An awful decision. Did she bring the Phantom around to help Nils? Or continue her pursuit of PRAXIS?

Gods take her to the Ten Hells. She had a duty to perform. If PRAXIS escaped with the plans for the disruptor, then thousands, possibly millions of lives could be lost.

“I’m sorry, Nils,” she whispered, keeping the Phantom in its ascent. Her eyes burned, but she ignored them, and the pain that had nothing to do with the injuries she had sustained. She had been wounded before, yet no plasma blast could ever hurt as much as leaving him behind.

 

Nils pursued Marek through a series of narrow metal tunnels. He had to bend over nearly double to fit in them, making speed difficult, but Marek wasn’t being careful. The traitor charged through the tunnels loudly, the sound of his boots loud and easy to follow. Holding the shotgun, Nils kept up his chase.

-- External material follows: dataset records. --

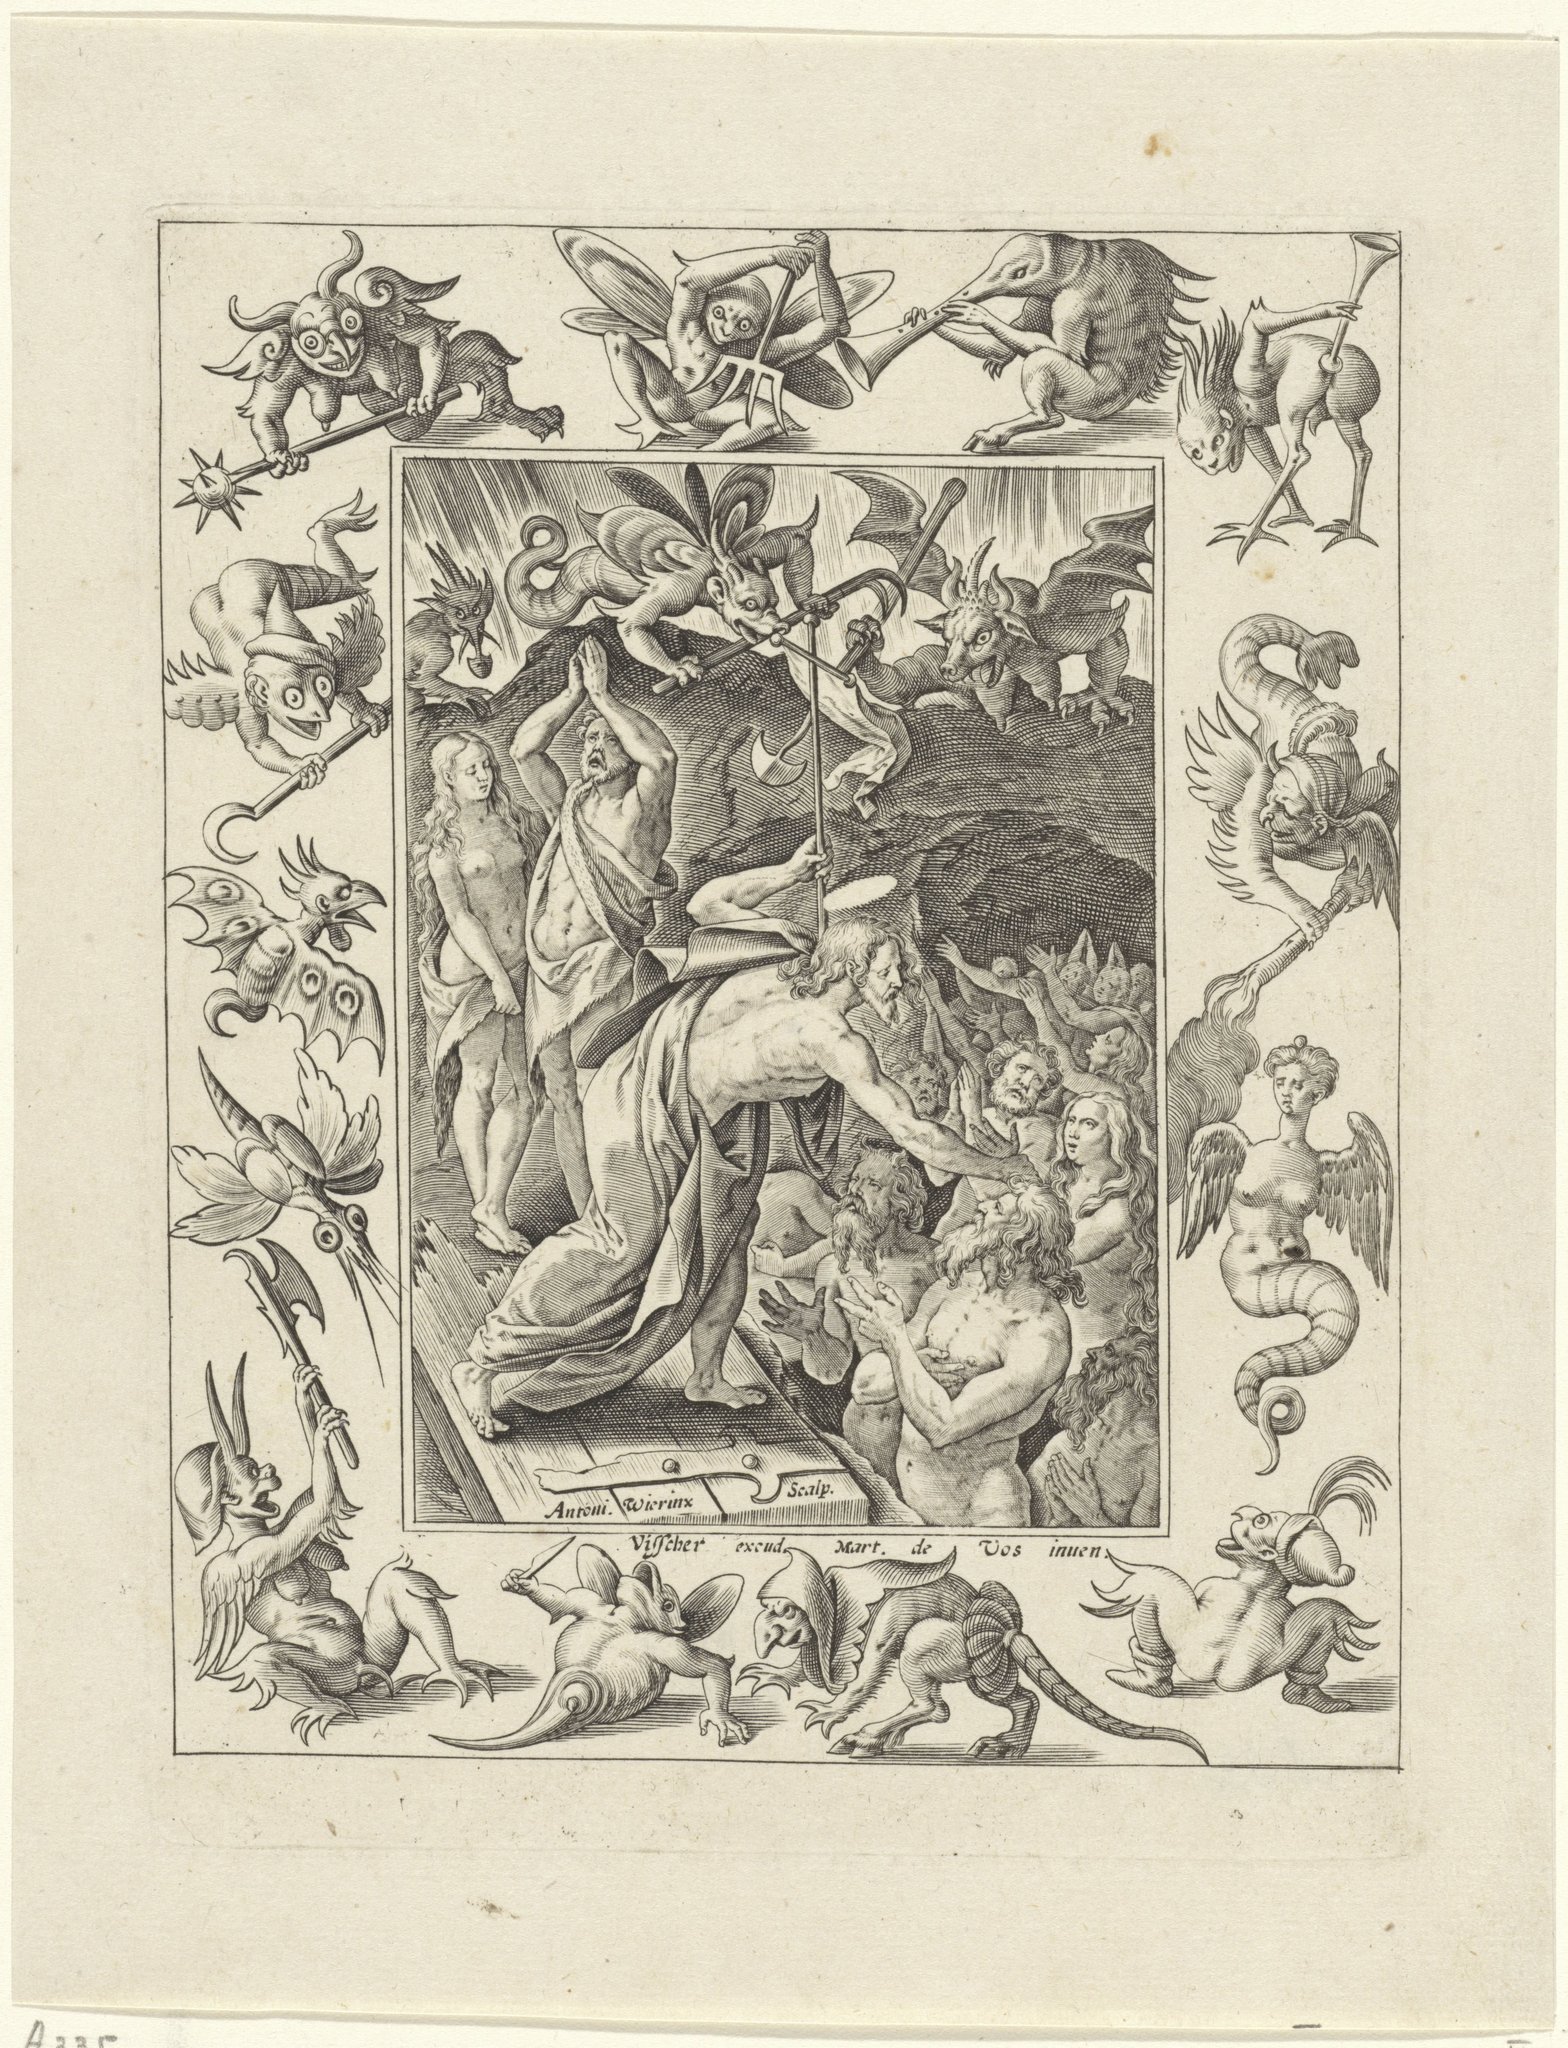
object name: print
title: Passie van Christus
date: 1582-1586
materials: paper
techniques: engraving
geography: amsterdam
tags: christ arrives at the entrance of hell and breaks the door(s), devil(s) and demons
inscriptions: collector's mark: Lugt 2228
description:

The tunnels snaked around, until Nils found himself spat out onto the perimeter wall. The bright daylight momentarily blinded him after the darkness of the tunnels. Marek had deactivated the plasma wire, and he now sped away from Nils, though his gait remained unsteady after the beating Nils had dispensed.

Nils sped after him. He forced himself not to look to his right. The compound was situated atop a high cliff that plunged into the sea. If he were to lose his balance, he’d fall of hundreds of meters. And if he did manage to survive that tumble, jagged rocks speared up from the sea, canceling out any possibility of a water landing. Heights didn’t bother him, but
these
heights proved to be the exception.

Stay focused on Marek. Bring that bastard down.

Sound overhead momentarily distracted him. Celene’s Phantom hunted the PRAXIS clipper.

Nils had the advantage of longer legs and no head injuries, and he shot at Marek as he ran. The traitor managed to dodge the plasma fire. He bent low and pulled something from a notch in the wall. Nils ducked as blasts raced past him. Marek must have stashed weapons around the compound. This was his emergency escape route.

Nils shot once more, and Marek staggered. Taking advantage of the stumble, Nils shortened the distance between them. But as he drew nearer, Marek fired again, hitting him in the hand. Nils’s grip loosened, and the shotgun fell from his hold. Without watching, he knew that the shotgun plummeted toward the water. It would look miniscule as it plunged down into the churning sea.

The scent of singed flesh rose up. He sucked in a breath, pain radiating up into his arm and through his body.